I'm not 100% sure, but it sounds like you want to solve the Britney Spears problem—finding an item that makes up a certain fraction of a sample using constant memory.

Here is a statement of the problem in English, with a sketch of the solution:

… from a 2002 article by Erik D. Demaine of MIT and Alejandro López-Ortiz and J. Ian Munro of the University of Waterloo in Canada. Demaine and his colleagues have extended the algorithm to cover a more-general problem: Given a stream of length n, identify a set of size m that includes all the elements occurring with a frequency greater than n /( m +1). (In the case of m =1, this reduces to the majority problem.) The extended algorithm requires m registers for the candidate elements as well as m counters. The basic scheme of operation is analogous to that of the majority algorithm.

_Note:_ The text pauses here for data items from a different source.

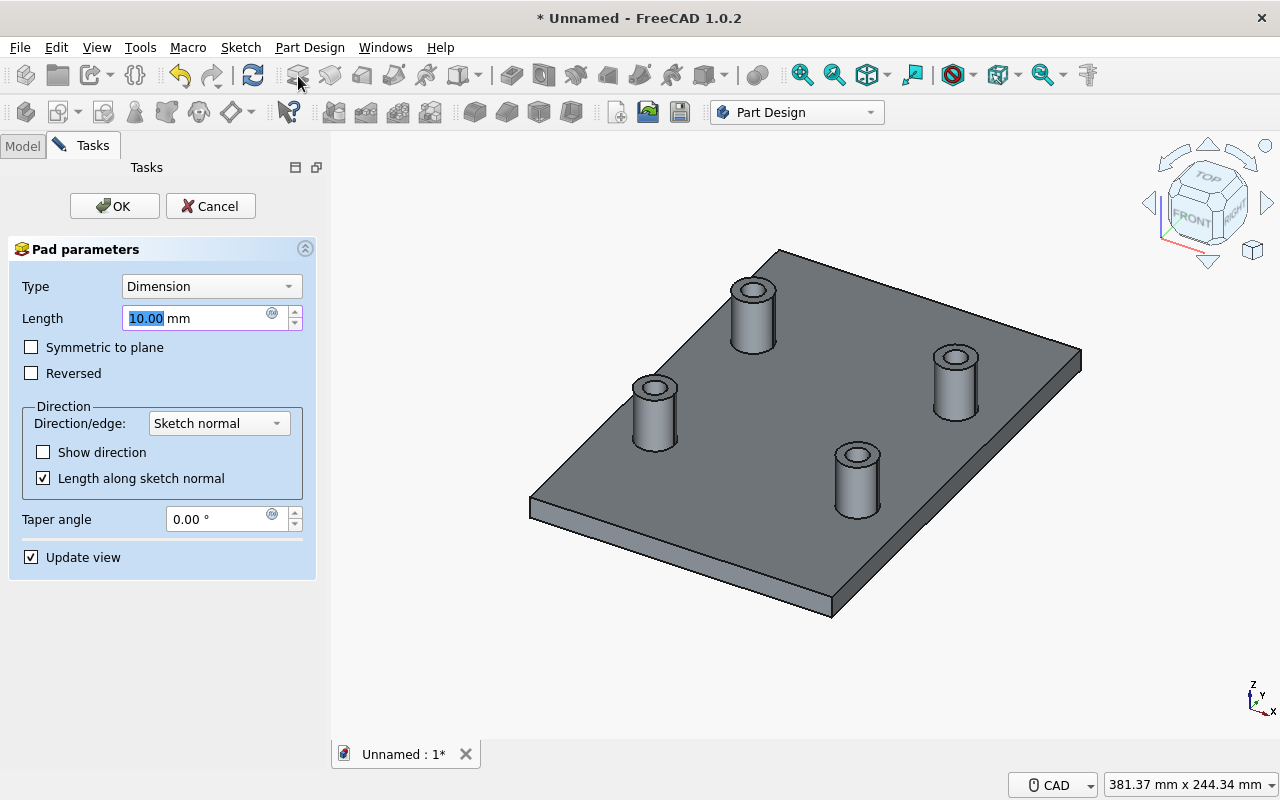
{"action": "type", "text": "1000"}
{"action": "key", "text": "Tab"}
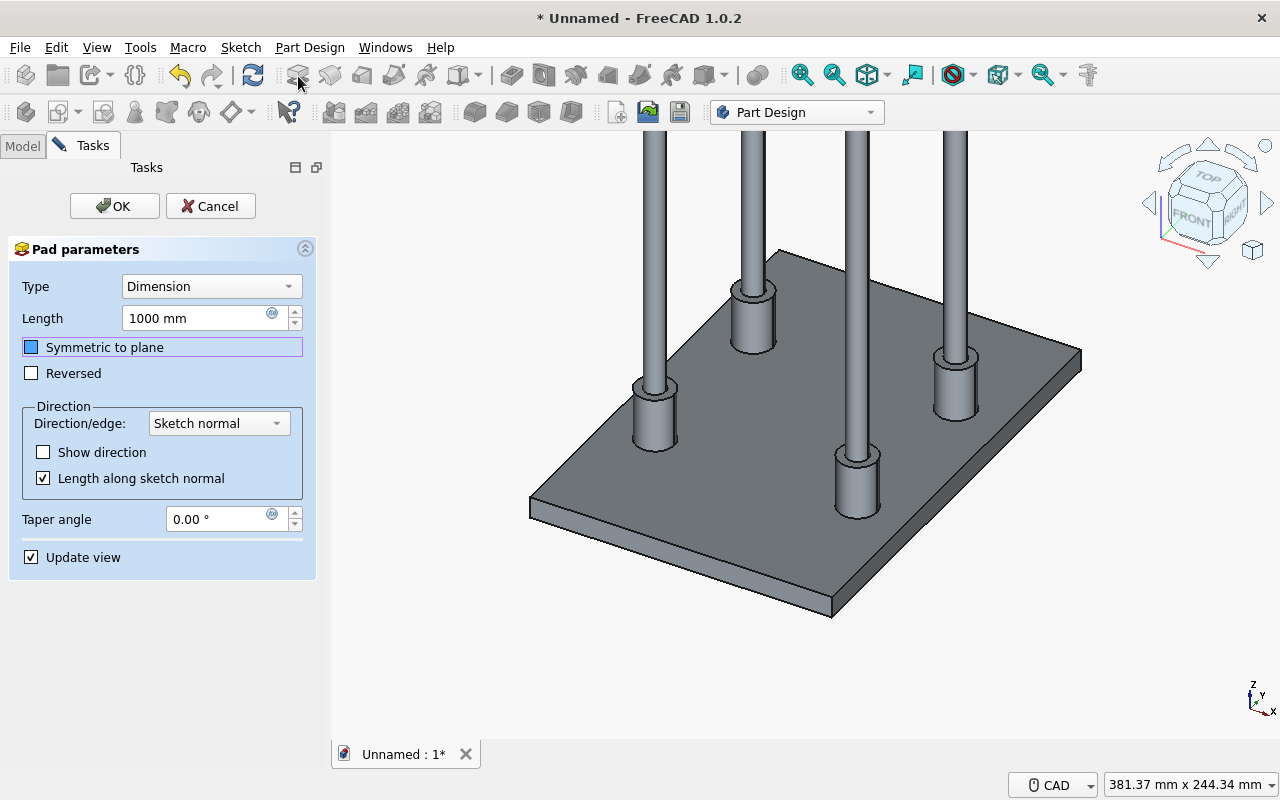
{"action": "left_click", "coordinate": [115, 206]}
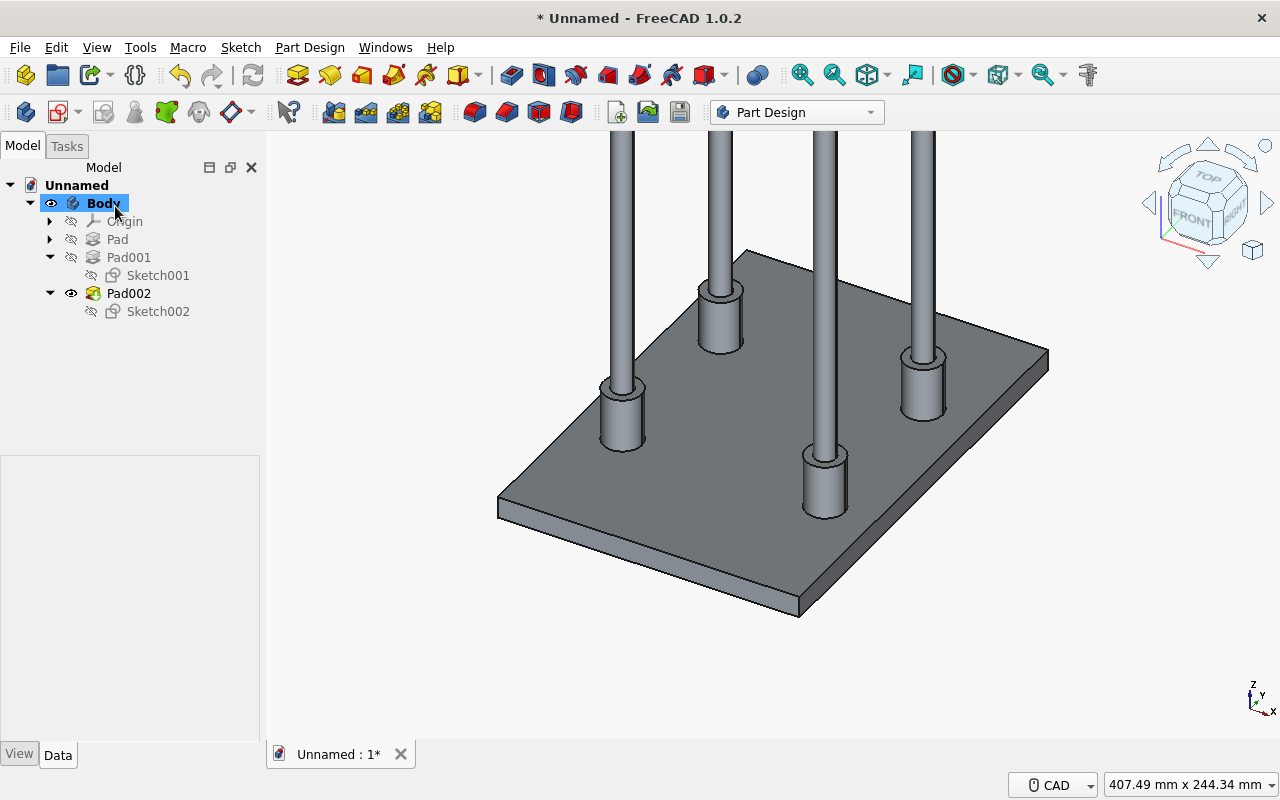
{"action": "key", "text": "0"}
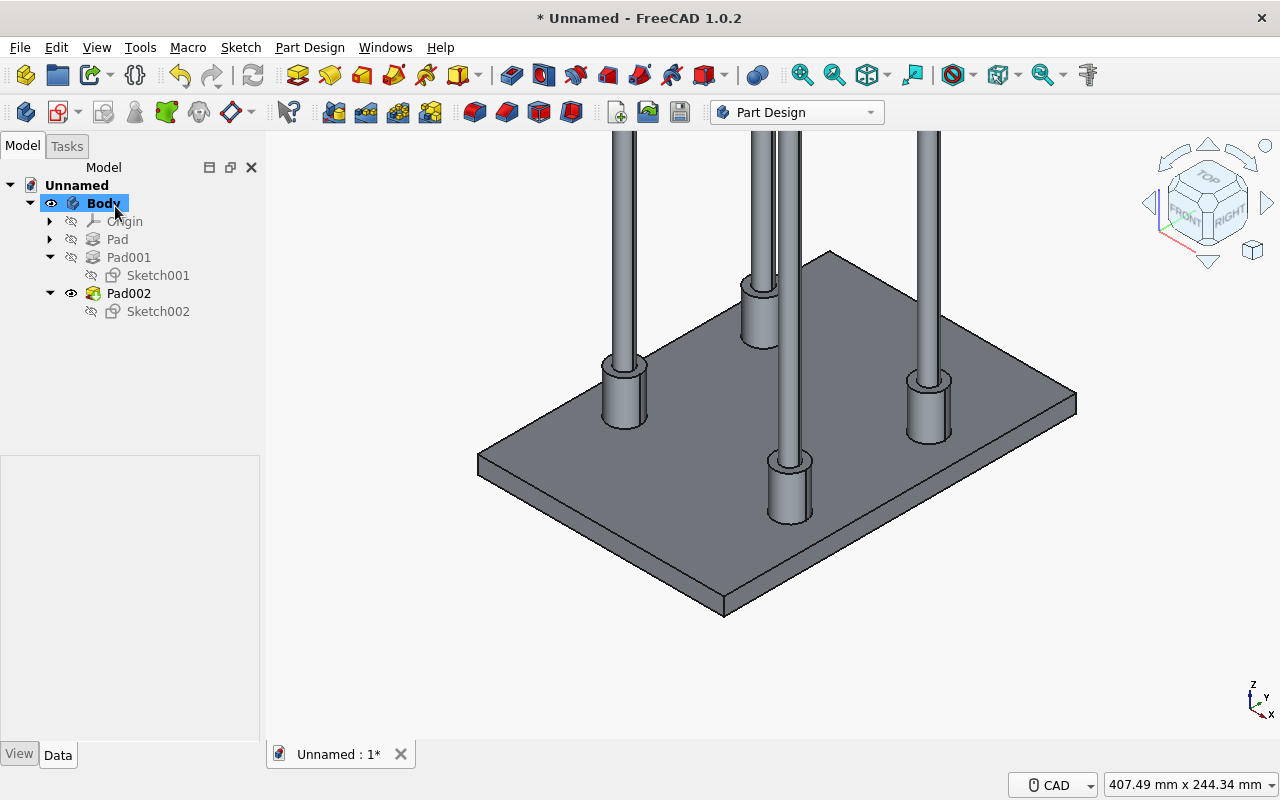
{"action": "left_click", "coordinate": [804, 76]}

When a stream ele­ment matches one of the candidates, the corresponding counter is incremented; when there is no match to any candidate, all of the counters are decremented; if a counter is at 0, the associated candidate is replaced by a new element from the stream.

A simple O(n) algorithm would be to keep a hashed map from the number found to the number of instances found. Using a hashed map is important for maintaining O(n). The, a final pass over the map will reveal the answers. This pass is also O(n) since the worst case scenario is that every element appeared only once and hence the map is the same size as the original array.